The CFPB is set to open Thursday as the de facto regulator for the entire mortgage industry, from origination through servicing. However, without a director, the bureau would lose its authority over payday lenders, debt collectors and nonbank financial institutions.
Andreano said he understands the need for a commission that the director would report to and stressed that giving such a director too much power could back fire on Democrats. If a Republican president chooses to in the future, he or she could appoint a director with the power to gut the bureau and enforce very few actions. The problem with the legislation's language, Andreano said, is that it too often refers responsibilities to "the director" rather than "the bureau." That's unheard of in legislation setting up other agencies.

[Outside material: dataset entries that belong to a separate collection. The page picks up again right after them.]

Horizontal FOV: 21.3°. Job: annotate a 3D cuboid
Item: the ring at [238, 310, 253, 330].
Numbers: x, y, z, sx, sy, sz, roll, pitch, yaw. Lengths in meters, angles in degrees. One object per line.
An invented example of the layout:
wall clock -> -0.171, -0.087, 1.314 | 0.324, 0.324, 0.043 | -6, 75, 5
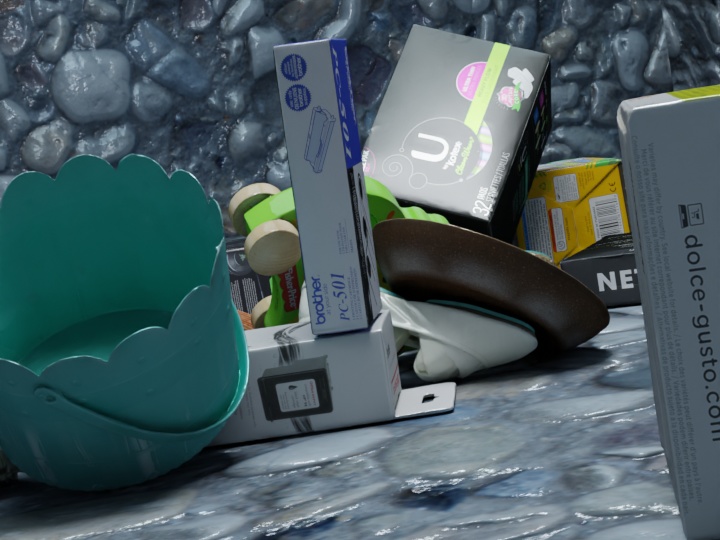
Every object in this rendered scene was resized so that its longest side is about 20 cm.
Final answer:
ring -> -0.142, 0.052, 1.685 | 0.199, 0.019, 0.201 | 12, 14, -3

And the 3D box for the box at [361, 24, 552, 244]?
box -> 0.092, -0.113, 1.868 | 0.147, 0.201, 0.125 | 14, -27, 14

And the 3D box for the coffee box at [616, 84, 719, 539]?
coffee box -> 0.237, 0.002, 0.943 | 0.196, 0.202, 0.200 | -8, 4, 7

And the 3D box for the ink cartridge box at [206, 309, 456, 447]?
ink cartridge box -> -0.033, 0.075, 1.392 | 0.198, 0.067, 0.116 | -9, 5, 4

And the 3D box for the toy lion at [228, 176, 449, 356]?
toy lion -> 0.000, 0.000, 1.586 | 0.190, 0.201, 0.069 | -18, 44, -9

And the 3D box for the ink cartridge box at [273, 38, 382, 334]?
ink cartridge box -> -0.022, -0.062, 1.362 | 0.044, 0.202, 0.094 | -7, 6, 7

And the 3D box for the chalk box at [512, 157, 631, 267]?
chalk box -> 0.201, -0.050, 2.028 | 0.123, 0.126, 0.200 | -10, 4, -8

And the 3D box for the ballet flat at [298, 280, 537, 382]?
ballet flat -> 0.039, 0.052, 1.483 | 0.198, 0.070, 0.069 | 15, 15, 23

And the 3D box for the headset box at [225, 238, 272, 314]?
headset box -> -0.099, 0.010, 2.100 | 0.198, 0.094, 0.174 | -11, 5, -8

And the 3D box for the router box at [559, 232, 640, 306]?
router box -> 0.302, -0.009, 1.783 | 0.198, 0.052, 0.149 | -7, 7, 26

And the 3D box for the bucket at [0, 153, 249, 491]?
bucket -> -0.174, 0.037, 1.274 | 0.205, 0.136, 0.208 | -6, 42, 5

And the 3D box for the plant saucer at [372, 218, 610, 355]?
plant saucer -> 0.095, 0.020, 1.491 | 0.199, 0.037, 0.201 | 22, -16, 6

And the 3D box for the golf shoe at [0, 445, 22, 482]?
golf shoe -> -0.295, 0.107, 1.374 | 0.078, 0.098, 0.200 | -10, 6, -27

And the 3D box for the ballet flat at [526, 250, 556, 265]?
ballet flat -> 0.089, 0.028, 1.804 | 0.198, 0.071, 0.065 | -11, 32, 17
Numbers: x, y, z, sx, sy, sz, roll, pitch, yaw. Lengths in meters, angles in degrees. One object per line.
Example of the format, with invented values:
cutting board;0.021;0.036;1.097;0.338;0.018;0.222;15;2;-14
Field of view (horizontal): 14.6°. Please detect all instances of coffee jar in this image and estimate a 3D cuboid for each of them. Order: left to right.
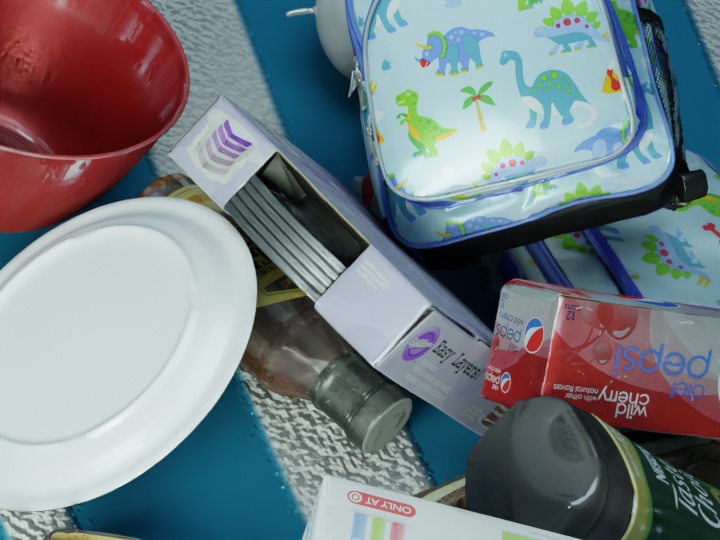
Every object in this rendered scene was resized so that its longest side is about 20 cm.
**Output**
coffee jar;0.147;0.143;1.458;0.200;0.085;0.104;29;22;-34

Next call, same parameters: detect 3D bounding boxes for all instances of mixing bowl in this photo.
mixing bowl;-0.207;-0.094;1.617;0.200;0.108;0.200;15;39;-12

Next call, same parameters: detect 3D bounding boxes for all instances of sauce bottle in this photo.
sauce bottle;-0.053;0.026;1.589;0.200;0.066;0.066;41;46;20

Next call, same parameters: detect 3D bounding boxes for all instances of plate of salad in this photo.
plate of salad;-0.139;0.047;1.495;0.200;0.048;0.200;-18;46;20

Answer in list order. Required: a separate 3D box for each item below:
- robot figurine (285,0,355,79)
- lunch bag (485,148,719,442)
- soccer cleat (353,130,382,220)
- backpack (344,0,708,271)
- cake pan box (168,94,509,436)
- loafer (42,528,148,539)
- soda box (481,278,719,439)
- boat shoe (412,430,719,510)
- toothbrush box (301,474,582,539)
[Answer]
robot figurine;0.057;-0.158;1.782;0.200;0.113;0.170;19;51;-1
lunch bag;0.172;0.017;1.667;0.161;0.082;0.200;-9;48;-23
soccer cleat;0.063;-0.104;1.692;0.085;0.069;0.200;25;86;12
backpack;0.081;-0.121;1.583;0.183;0.147;0.200;-15;79;9
cake pan box;0.000;0.000;1.557;0.184;0.052;0.200;44;4;25
loafer;-0.076;0.173;1.418;0.200;0.072;0.073;6;43;-15
soda box;0.169;0.052;1.526;0.200;0.070;0.063;8;5;-27
boat shoe;0.104;0.129;1.545;0.202;0.075;0.075;-7;19;-20
toothbrush box;0.024;0.207;1.325;0.146;0.200;0.086;14;43;-4
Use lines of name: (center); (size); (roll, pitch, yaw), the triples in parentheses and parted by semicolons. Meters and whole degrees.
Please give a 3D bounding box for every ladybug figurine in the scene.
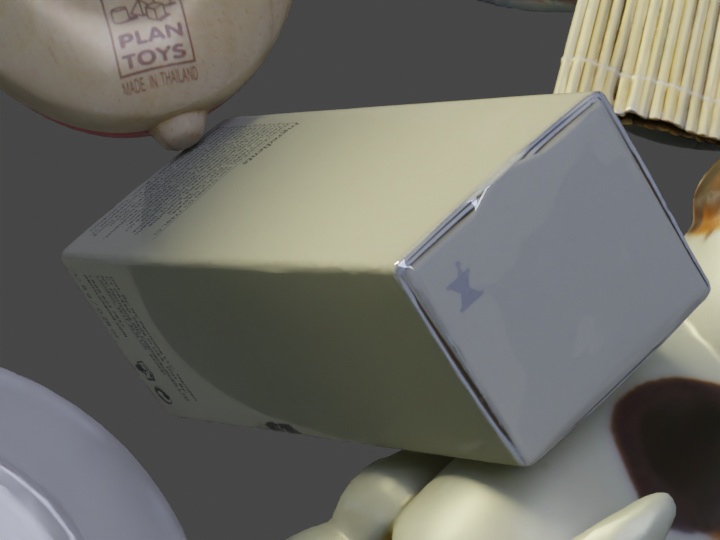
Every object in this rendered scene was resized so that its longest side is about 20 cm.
ladybug figurine: (-0.091, -0.123, 0.830); (0.135, 0.072, 0.200); (-13, 68, -13)

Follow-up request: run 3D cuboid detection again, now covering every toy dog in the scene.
toy dog: (0.089, 0.050, 0.727); (0.200, 0.194, 0.140); (-41, 70, -16)

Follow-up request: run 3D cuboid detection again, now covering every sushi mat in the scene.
sushi mat: (0.126, -0.116, 0.818); (0.095, 0.012, 0.200); (14, 55, 4)

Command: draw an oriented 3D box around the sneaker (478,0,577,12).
sneaker: (0.107, -0.150, 0.891); (0.199, 0.071, 0.080); (-15, 54, -14)

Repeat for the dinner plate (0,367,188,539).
dinner plate: (-0.140, 0.112, 0.742); (0.199, 0.024, 0.201); (4, 65, -8)

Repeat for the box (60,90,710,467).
box: (0.000, 0.000, 0.721); (0.082, 0.200, 0.068); (-41, 111, -23)

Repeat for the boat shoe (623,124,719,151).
boat shoe: (0.164, -0.094, 0.872); (0.201, 0.074, 0.065); (-16, 64, -22)
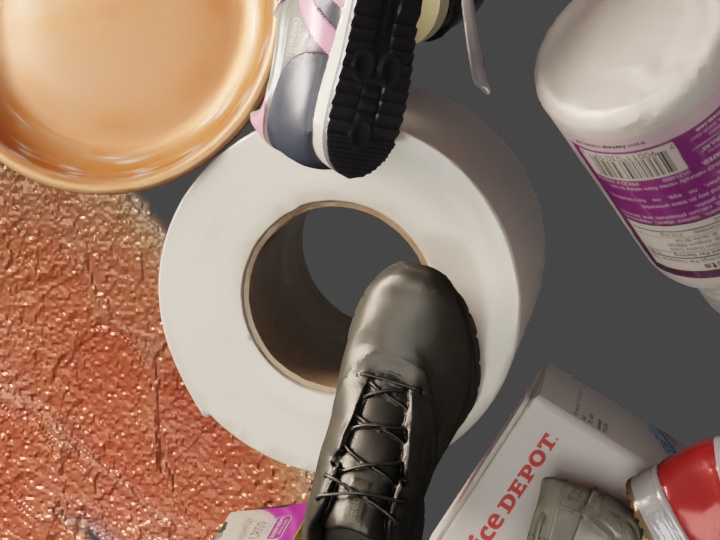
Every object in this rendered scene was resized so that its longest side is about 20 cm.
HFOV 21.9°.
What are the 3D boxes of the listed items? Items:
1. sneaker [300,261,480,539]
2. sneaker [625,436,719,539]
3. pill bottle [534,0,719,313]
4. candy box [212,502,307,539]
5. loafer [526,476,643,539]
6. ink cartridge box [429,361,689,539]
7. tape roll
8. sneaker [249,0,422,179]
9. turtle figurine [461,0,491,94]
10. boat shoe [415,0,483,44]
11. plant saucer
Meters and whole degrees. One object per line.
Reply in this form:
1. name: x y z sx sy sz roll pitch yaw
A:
1. sneaker: 0.012 0.095 0.959 0.076 0.091 0.200 12 104 10
2. sneaker: 0.242 0.172 1.000 0.112 0.071 0.200 -33 93 17
3. pill bottle: 0.182 -0.060 0.983 0.112 0.112 0.200 -27 134 16
4. candy box: -0.048 0.259 1.131 0.061 0.136 0.200 -9 102 11
5. loafer: 0.088 0.207 1.042 0.070 0.070 0.200 28 102 9
6. ink cartridge box: 0.152 0.169 1.096 0.200 0.084 0.145 32 107 2
7. tape roll: 0.000 0.000 1.057 0.202 0.139 0.203 3 105 11
8. sneaker: -0.007 -0.151 0.937 0.082 0.070 0.200 17 88 43
9. turtle figurine: 0.074 -0.242 0.967 0.194 0.144 0.200 42 70 16
10. boat shoe: -0.012 -0.208 1.051 0.201 0.063 0.074 46 129 12
11. plant saucer: -0.135 -0.140 1.011 0.200 0.037 0.201 0 89 10
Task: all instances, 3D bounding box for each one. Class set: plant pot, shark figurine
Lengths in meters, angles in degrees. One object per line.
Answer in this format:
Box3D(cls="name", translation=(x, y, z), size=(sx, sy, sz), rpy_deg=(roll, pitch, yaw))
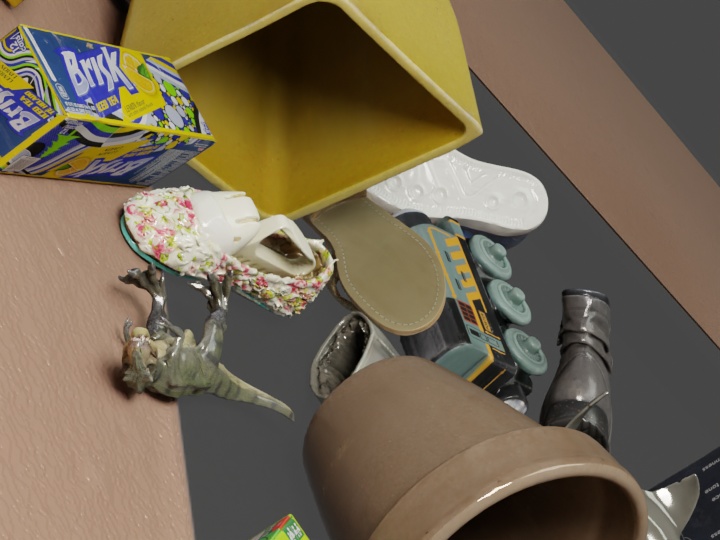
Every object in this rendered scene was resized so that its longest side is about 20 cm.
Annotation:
Box3D(cls="plant pot", translation=(-0.047, -0.187, 1.510), size=(0.194, 0.195, 0.200), rpy_deg=(39, 38, -43))
Box3D(cls="plant pot", translation=(0.050, 0.149, 1.309), size=(0.200, 0.200, 0.175), rpy_deg=(35, 9, -48))
Box3D(cls="shark figurine", translation=(0.200, 0.164, 1.501), size=(0.215, 0.089, 0.128), rpy_deg=(55, 2, -19))

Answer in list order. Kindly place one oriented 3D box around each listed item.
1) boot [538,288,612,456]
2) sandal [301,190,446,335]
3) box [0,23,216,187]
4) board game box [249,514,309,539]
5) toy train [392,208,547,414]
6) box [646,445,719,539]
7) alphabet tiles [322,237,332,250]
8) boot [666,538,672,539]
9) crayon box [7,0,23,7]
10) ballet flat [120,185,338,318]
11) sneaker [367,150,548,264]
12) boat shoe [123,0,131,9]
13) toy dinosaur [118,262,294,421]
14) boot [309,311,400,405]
Box3D(cls="boot", translation=(0.177, 0.109, 1.658), size=(0.200, 0.070, 0.132), rpy_deg=(95, 3, -59))
Box3D(cls="sandal", translation=(0.005, -0.002, 1.598), size=(0.212, 0.078, 0.070), rpy_deg=(54, -23, 41))
Box3D(cls="box", translation=(-0.173, -0.100, 1.314), size=(0.070, 0.064, 0.200), rpy_deg=(60, 18, 12))
Box3D(cls="board game box", translation=(-0.052, 0.213, 1.108), size=(0.102, 0.048, 0.200), rpy_deg=(55, 18, -2))
Box3D(cls="toy train", translation=(0.076, 0.032, 1.658), size=(0.114, 0.085, 0.200), rpy_deg=(27, 32, -38))
Box3D(cls="box", translation=(0.301, 0.262, 1.677), size=(0.124, 0.200, 0.197), rpy_deg=(45, 21, -28))
Box3D(cls="alphabet tiles", translation=(0.019, -0.012, 1.731), size=(0.196, 0.015, 0.200), rpy_deg=(61, 18, 15))
Box3D(cls="boot", translation=(0.164, 0.280, 1.338), size=(0.069, 0.174, 0.200), rpy_deg=(43, 22, -35))
Box3D(cls="crayon box", translation=(-0.254, -0.263, 1.409), size=(0.127, 0.051, 0.200), rpy_deg=(47, 19, -25))
Box3D(cls="ballet flat", translation=(-0.084, -0.022, 1.408), size=(0.200, 0.064, 0.076), rpy_deg=(24, 37, -57))
Box3D(cls="sneaker", translation=(0.052, -0.064, 1.794), size=(0.200, 0.146, 0.081), rpy_deg=(16, 76, -14))
Box3D(cls="boat shoe", translation=(-0.131, -0.209, 1.616), size=(0.200, 0.073, 0.065), rpy_deg=(3, 59, -56))
Box3D(cls="toy dinosaur", translation=(-0.104, 0.043, 1.276), size=(0.200, 0.047, 0.088), rpy_deg=(21, 53, -61))
Box3D(cls="boot", translation=(0.046, 0.111, 1.521), size=(0.200, 0.073, 0.182), rpy_deg=(45, 20, -15))

"The law of Dodd-Frank in this area it's very interesting. You read it and you say: Boy can someone proofread this?" Andreano said. "It refers to the bureau, and other cases to a director enough times you say: If there is no director, what can it do officially?"
Andreano doesn't see anything being settled on Cordray or the structural standoff until September when Congress comes back from its recess. In the end, even with the difficulties seen between the two parties over recent debt ceiling talks, Adnreano said a compromise will eventually be reached.
"I think there is room for debate. I could certainly see a compromise," Andreano said. "Maybe, if there is a commission in place with checks and balances, then maybe Republicans will agree to keep the bureau's funding off budget and outside of the political up-and-down. But the longer we go without a director, the more issues will arise."